* AVAILABLE DATA
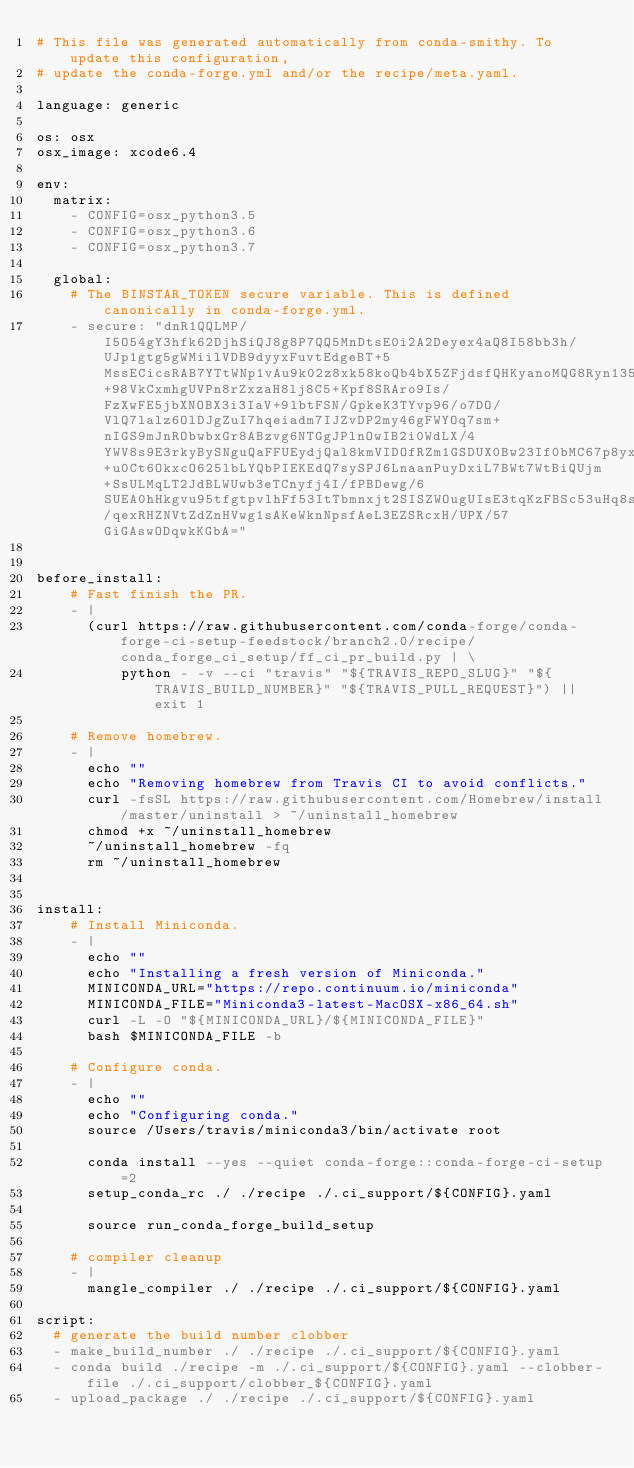Convert code to text. <code><loc_0><loc_0><loc_500><loc_500><_YAML_># This file was generated automatically from conda-smithy. To update this configuration,
# update the conda-forge.yml and/or the recipe/meta.yaml.

language: generic

os: osx
osx_image: xcode6.4

env:
  matrix:
    - CONFIG=osx_python3.5
    - CONFIG=osx_python3.6
    - CONFIG=osx_python3.7

  global:
    # The BINSTAR_TOKEN secure variable. This is defined canonically in conda-forge.yml.
    - secure: "dnR1QQLMP/I5O54gY3hfk62DjhSiQJ8g8P7QQ5MnDtsE0i2A2Deyex4aQ8I58bb3h/UJp1gtg5gWMiilVDB9dyyxFuvtEdgeBT+5MssECicsRAB7YTtWNp1vAu9k02z8xk58koQb4bX5ZFjdsfQHKyanoMQG8Ryn135iTRdhXJ18hcGQh3WarMOEiod2AgI2ZrNa+98VkCxmhgUVPn8rZxzaH8lj8C5+Kpf8SRAro9Is/FzXwFE5jbXNOBX3i3IaV+9lbtFSN/GpkeK3TYvp96/o7DO/VlQ7lalz6OlDJgZuI7hqeiadm7IJZvDP2my46gFWYOq7sm+nIGS9mJnRObwbxGr8ABzvg6NTGgJPlnOwIB2i0WdLX/4YWV8s9E3rkyBySNguQaFFUEydjQal8kmVIDOfRZm1GSDUX0Bw23If0bMC67p8yxUjNa+u0Ct6OkxcO625lbLYQbPIEKEdQ7sySPJ6LnaanPuyDxiL7BWt7WtBiQUjm+SsULMqLT2JdBLWUwb3eTCnyfj4I/fPBDewg/6SUEA0hHkgvu95tfgtpvlhFf53ItTbmnxjt2SISZWOugUIsE3tqKzFBSc53uHq8sCeQUSqYkzVTnfRA6vh/qexRHZNVtZdZnHVwg1sAKeWknNpsfAeL3EZSRcxH/UPX/57GiGAswODqwkKGbA="


before_install:
    # Fast finish the PR.
    - |
      (curl https://raw.githubusercontent.com/conda-forge/conda-forge-ci-setup-feedstock/branch2.0/recipe/conda_forge_ci_setup/ff_ci_pr_build.py | \
          python - -v --ci "travis" "${TRAVIS_REPO_SLUG}" "${TRAVIS_BUILD_NUMBER}" "${TRAVIS_PULL_REQUEST}") || exit 1

    # Remove homebrew.
    - |
      echo ""
      echo "Removing homebrew from Travis CI to avoid conflicts."
      curl -fsSL https://raw.githubusercontent.com/Homebrew/install/master/uninstall > ~/uninstall_homebrew
      chmod +x ~/uninstall_homebrew
      ~/uninstall_homebrew -fq
      rm ~/uninstall_homebrew


install:
    # Install Miniconda.
    - |
      echo ""
      echo "Installing a fresh version of Miniconda."
      MINICONDA_URL="https://repo.continuum.io/miniconda"
      MINICONDA_FILE="Miniconda3-latest-MacOSX-x86_64.sh"
      curl -L -O "${MINICONDA_URL}/${MINICONDA_FILE}"
      bash $MINICONDA_FILE -b

    # Configure conda.
    - |
      echo ""
      echo "Configuring conda."
      source /Users/travis/miniconda3/bin/activate root

      conda install --yes --quiet conda-forge::conda-forge-ci-setup=2
      setup_conda_rc ./ ./recipe ./.ci_support/${CONFIG}.yaml

      source run_conda_forge_build_setup

    # compiler cleanup
    - |
      mangle_compiler ./ ./recipe ./.ci_support/${CONFIG}.yaml

script:
  # generate the build number clobber
  - make_build_number ./ ./recipe ./.ci_support/${CONFIG}.yaml
  - conda build ./recipe -m ./.ci_support/${CONFIG}.yaml --clobber-file ./.ci_support/clobber_${CONFIG}.yaml
  - upload_package ./ ./recipe ./.ci_support/${CONFIG}.yaml
</code>

* WHAT TO DO
The response must give every line from the material above that holds the string "secure".

* WRITTEN RESPONSE
    # The BINSTAR_TOKEN secure variable. This is defined canonically in conda-forge.yml.
    - secure: "dnR1QQLMP/I5O54gY3hfk62DjhSiQJ8g8P7QQ5MnDtsE0i2A2Deyex4aQ8I58bb3h/UJp1gtg5gWMiilVDB9dyyxFuvtEdgeBT+5MssECicsRAB7YTtWNp1vAu9k02z8xk58koQb4bX5ZFjdsfQHKyanoMQG8Ryn135iTRdhXJ18hcGQh3WarMOEiod2AgI2ZrNa+98VkCxmhgUVPn8rZxzaH8lj8C5+Kpf8SRAro9Is/FzXwFE5jbXNOBX3i3IaV+9lbtFSN/GpkeK3TYvp96/o7DO/VlQ7lalz6OlDJgZuI7hqeiadm7IJZvDP2my46gFWYOq7sm+nIGS9mJnRObwbxGr8ABzvg6NTGgJPlnOwIB2i0WdLX/4YWV8s9E3rkyBySNguQaFFUEydjQal8kmVIDOfRZm1GSDUX0Bw23If0bMC67p8yxUjNa+u0Ct6OkxcO625lbLYQbPIEKEdQ7sySPJ6LnaanPuyDxiL7BWt7WtBiQUjm+SsULMqLT2JdBLWUwb3eTCnyfj4I/fPBDewg/6SUEA0hHkgvu95tfgtpvlhFf53ItTbmnxjt2SISZWOugUIsE3tqKzFBSc53uHq8sCeQUSqYkzVTnfRA6vh/qexRHZNVtZdZnHVwg1sAKeWknNpsfAeL3EZSRcxH/UPX/57GiGAswODqwkKGbA="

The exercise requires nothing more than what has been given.